The market recovered and set all-time highs this year, with the tech-heavy Nasdaq increasing fourfold and the Dow Jones average almost tripling since 2009. Skyrocketing stocks are causing many who have been out of the market, or have never invested at all, to believe stocks are now a can't-lose bet.

"There's a bit of a complacency, and I think people are taking on much more risk than they realize," says Scott Hanson of Hanson McClain Advisors, a Sacramento, California-based investment firm. "As stocks go higher and higher without any pullback, there's a greater risk in them."

Hanson, who has hosted a radio show in Sacramento for 20 years, is struck by similarities of callers today to those who called shortly before the dot-com debacle of the late 1990s and the real estate meltdown that caused the devastating 2007-2009 recession. "In the '90s, you'd have people planning for retirement and they were loaded up on tech stocks," he says. "And then the tech bubble burst and it was all real estate."

Many small investors make the mistake of believing hot stocks will only get hotter and buy at the top. "When prices go up, they think there's less risk and they want to buy more of whatever's going up, and it's really just the opposite of what people should be doing." Hanson says. "If you're retired and you haven't had a lot of investing experience, now's probably not the time to be diving in with both feet."

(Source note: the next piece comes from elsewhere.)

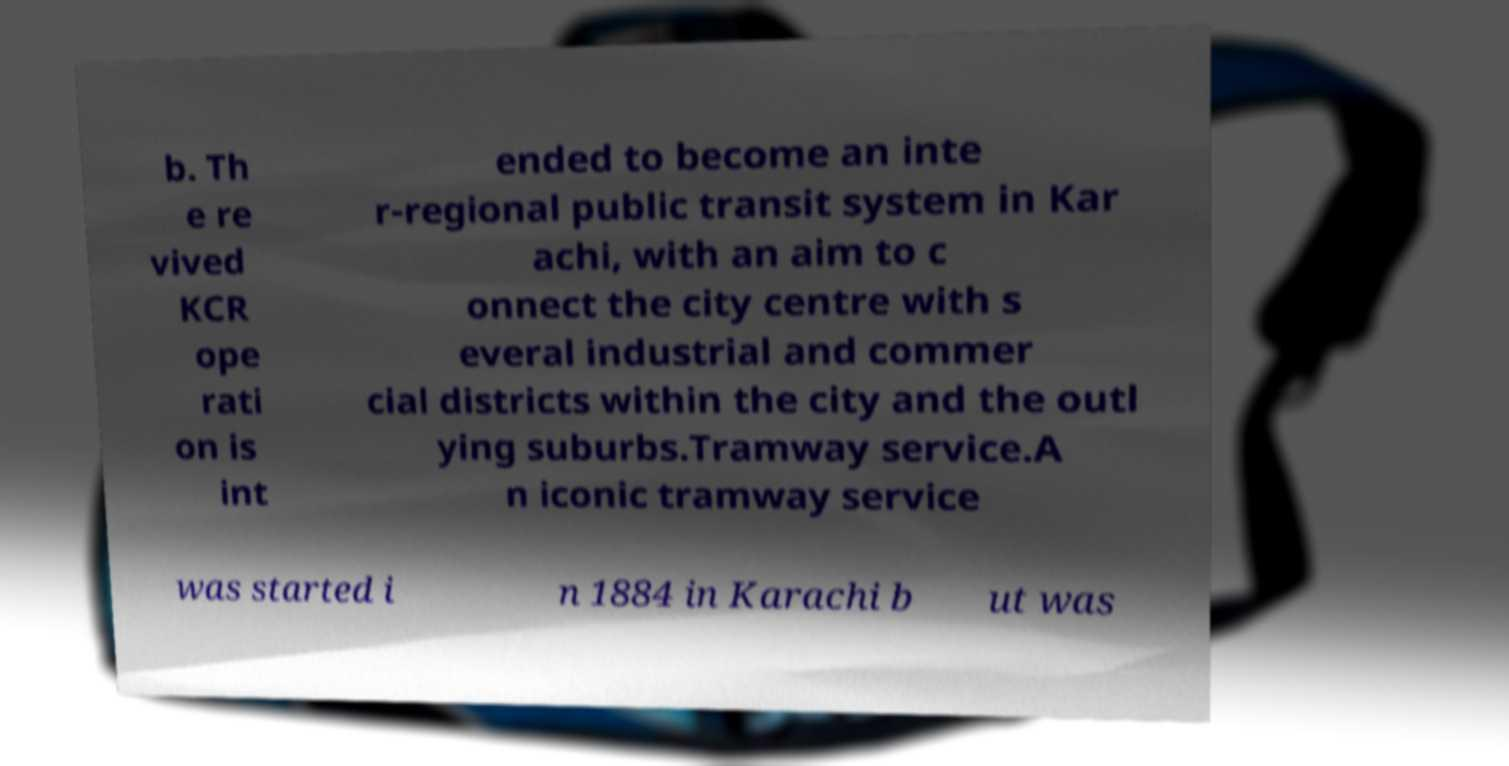Please identify and transcribe the text found in this image. b. Th e re vived KCR ope rati on is int ended to become an inte r-regional public transit system in Kar achi, with an aim to c onnect the city centre with s everal industrial and commer cial districts within the city and the outl ying suburbs.Tramway service.A n iconic tramway service was started i n 1884 in Karachi b ut was

Similarly, Hanson says, small investors often buy mutual funds that have a concentration of stocks in hot sectors and have performed well over the past year or so. Many of these funds are actively managed and charge a fee. Hanson notes that so-called index funds, which are simply tied to stock averages such as the Nasdaq or Dow, have outperformed most sector-specific mutual funds over time. And as for trying to pick stocks yourself, the results may be even worse.

"Actively managed mutual funds, with all those educated, smart people doing nothing but managing that money, can't outperform the index," he says. "How is someone from their bedroom on Long Island going to be able to outperform the index?"